Join student chapters of professional organizations and attend professional events. These will start your networking before you graduate. Besides, professionals love enthusiastic students because they want to pass the torch to good people. Networking takes a while. It isn’t about sucking up to someone to get a job; it’s about building a relationship that may have immediate or long-term rewards of various kinds. You’ll also pick up valuable tips about what’s happening in your future industry that will help you to figure out where the jobs are when you graduate.

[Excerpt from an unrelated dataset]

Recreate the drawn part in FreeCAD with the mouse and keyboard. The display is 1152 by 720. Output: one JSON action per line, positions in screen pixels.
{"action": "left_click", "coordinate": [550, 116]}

Thank everyone who helps you along the way. This includes librarians, teaching assistants, internship coordinators and even guest speakers who gave you insight or inspired you. It’s sad to say, but saying “thank you” will make you memorable because so few people do it. Yet they are magic words. The people you thank will be more inclined to help you the next time because you let them know that you appreciated them. In work life, nobody likes what appears to be arrogance or entitlement, even if it really isn’t, and the trait of thanking people will endear you to coworkers.

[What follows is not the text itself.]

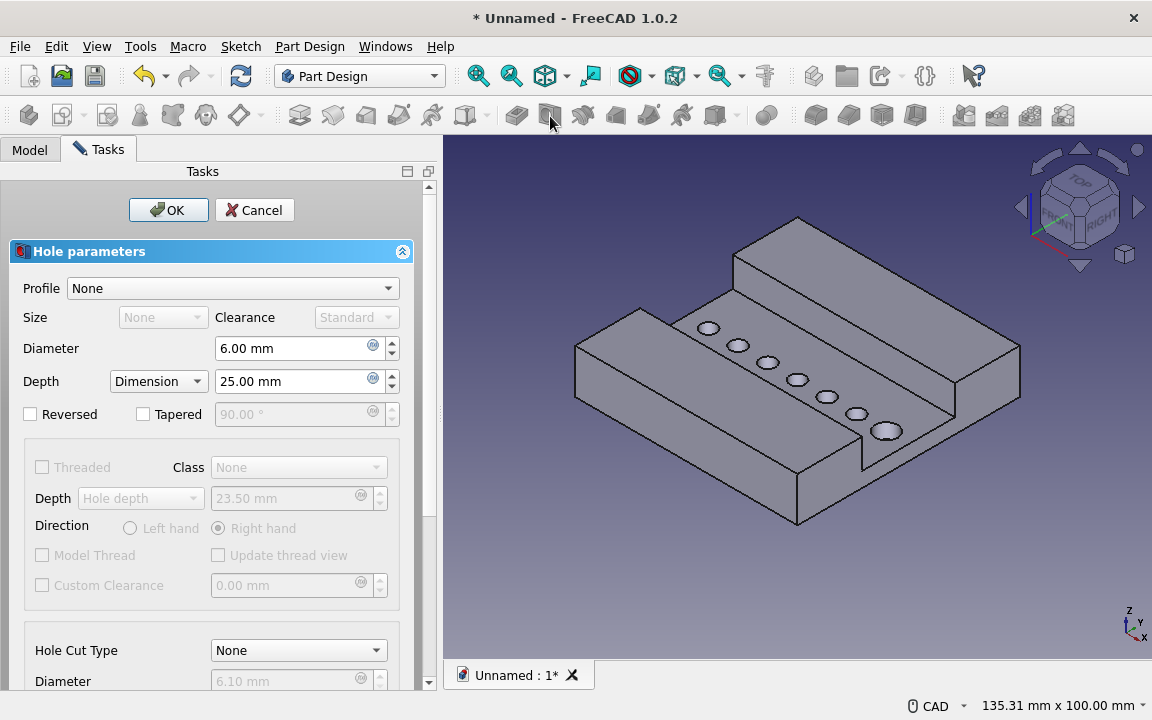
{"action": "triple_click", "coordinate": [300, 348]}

No sniveling! Hey, you’re the one who enrolled in a boatload of tough courses. Now it’s up to you to get the work done on time; it’s not up to your professors to accommodate your workload for other classes. A better way: Space out the tough courses throughout your college years so that – you’ve got it! – you can do your best in all of them. In your career, especially if you’re an achiever, sometimes you will just have to buckle down and finish projects to which you’ve committed, even if it means pulling a few all-nighters.

You thought all of this would be history after graduation, didn’t you? Well, that’s why they call it Commencement – it’s only the beginning. By using all of your opportunities now, you will not only squeeze the most out of your college tuition and fees, but you’ll also step out of school well prepared to shine as a new hire.